The bill, introduced by Sen. Martin J. Golden (R-Brookly) and supported by Sen. Lee Zeldin (R-Shirley), comes two weeks after a Shirley man objected to the sentence being given to the unlicensed driver who struck his daughter and left her dying in the middle of Mastic Road.

"Many drivers believe if they are intoxicated or under the influence of drugs, they risk more jail time by staying at the scene," Zeldin said. "It is a problem with state law that needs to be fixed. You're not going to see any benefit [any longer] from leaving the scene."

Golden's bill, which is co-sponsored by most of the Long Island State Senate delegation as well as Assembs. Ed Hennessey (D-Medford) and Fred Thiele Jr. (I-Sag Harbor), increases the maximum penalty for leaving the scene of a fatal accident to 5 to 15 years in prison, the same as second-degree manslaughter.

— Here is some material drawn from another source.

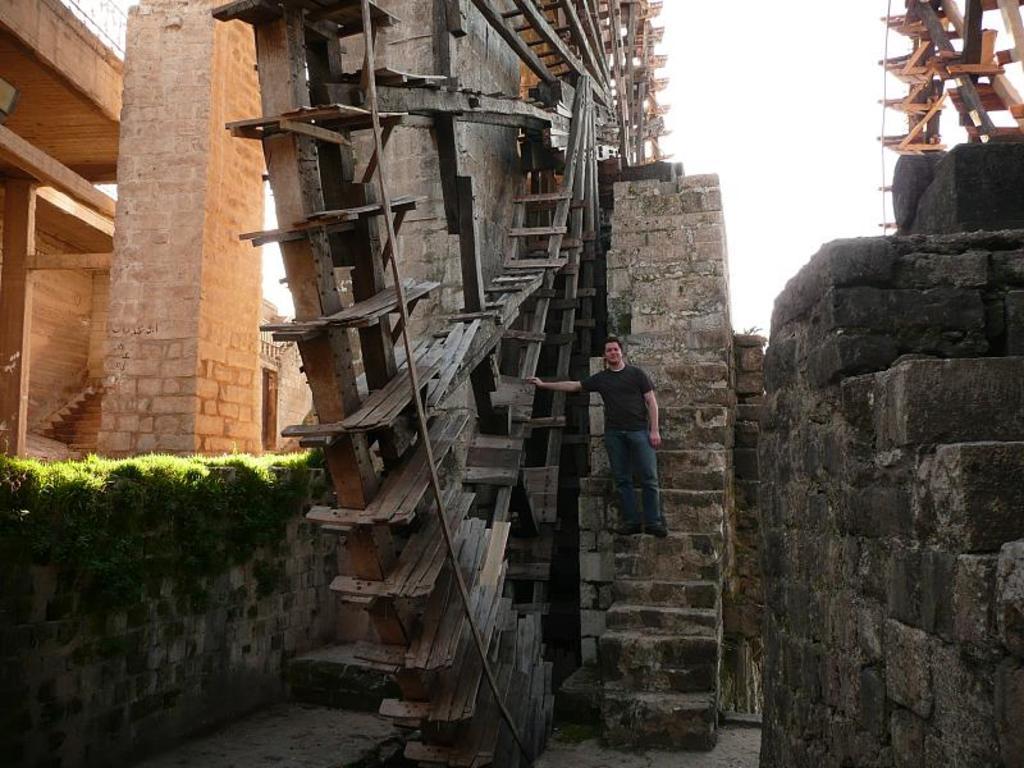Can you describe this image briefly? In this image I can see a person wearing black t shirt and blue jeans is standing on stairs and I can see a giant wooden wheel beside him. In the background I can see a building, some grass on the wall, a wooden structure and the sky. 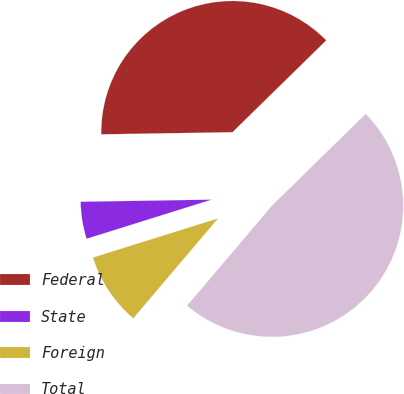<chart> <loc_0><loc_0><loc_500><loc_500><pie_chart><fcel>Federal<fcel>State<fcel>Foreign<fcel>Total<nl><fcel>37.92%<fcel>4.57%<fcel>8.97%<fcel>48.54%<nl></chart>

The maximum now is 2 1/3 to 7 years.

Dennis Hughes of Shirley, backed by Suffolk District Attorney Thomas Spota, called for tougher penalties after Preston Mimms was sentenced to 1 1/3 to 4 years in prison for the death of Erika Hughes, 24. Spota again demanded action earlier this week on a day when three people were charged in hit-and-run crashes.

Spota was pleased with the rapid response from legislators."It'll be exactly what I asked for," he said.

The penalty for leaving the scene of an accident with injuries also will increase if the bill passes. The maximum now is 1 1/3 to 4 years. If the bill passes, it would be 2 1/3 to 7 years. Zeldin said an identical bill passed the State Senate in 2011. He said he hopes the backing of Democrats this year helps it pass the Assembly this time.

Dennis Hughes could not be reached for comment Friday.